Um filme de encomenda, que se insere dentro da grande tradição de Hollywood, MARCAS DA VIOLÊNCIA é também uma das obras as mais ambiciosas do seu autor, e uma das mais belas de toda a sua carreira.

Toda a trama é construída de uma só vez numa cena que ocorre no final da primeira meia-hora. Até então, o personagem que está de pé por trás do balcão do bar, Tom Stall (encarnado pelo muito surpreendente Viggo Mortensen), foi apresentado como sendo um pai de família de boa índole, doce, atento para as necessidades dos seus filhos, apaixonado pela sua mulher, da qual se sabe apenas que ele a conheceu quando já tinha acumulado certa vivência.

Ele é um americano tal como o espectador sabe que não existe nenhum desse tipo, que leva uma vida modesta num restaurante freqüentado pelos moradores de uma pacata cidade pequena do Meio-Oeste. Num piscar de olhos, ele vai se tornar um desses heróis do cotidiano cuja pequena história vem alimentar a cada dia que passa o grande sonho da nação.
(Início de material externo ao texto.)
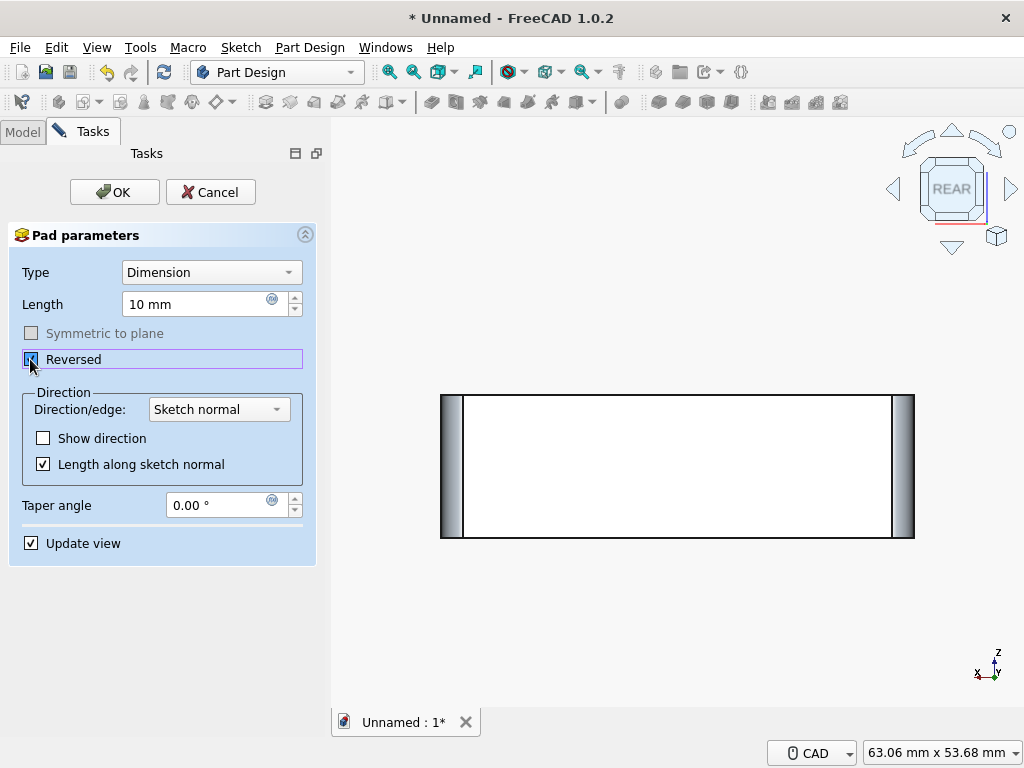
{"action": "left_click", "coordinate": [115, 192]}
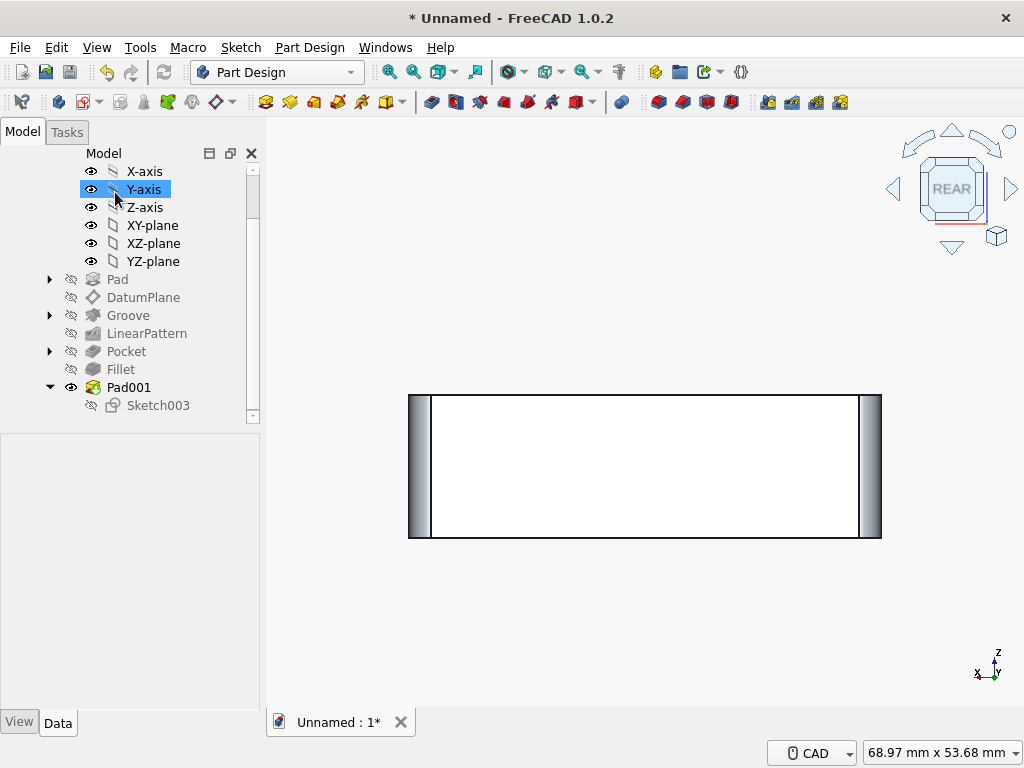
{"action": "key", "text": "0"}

No momento em que ele se preparava para fechar o restaurante, chegam dois homens que vão até o balcão. Estes já haviam sido apresentados durante os primeiros minutos do filme. Eles são dois matadores sem escrúpulos, capazes de assassinar uma criança apenas fitando-a olhos nos olhos.

Num tom gélido, com uma violência paralisante, eles exigem que lhes seja servido um café. No espaço de alguns segundos, eles impõem o terror no lugar. E, no exato momento em que eles se preparam a cometer uma chacina, o gentil patrão arrebenta a cafeteira contra o rosto de um deles, neutraliza o outro, e elimina os dois homens com a precisão de um matador profissional.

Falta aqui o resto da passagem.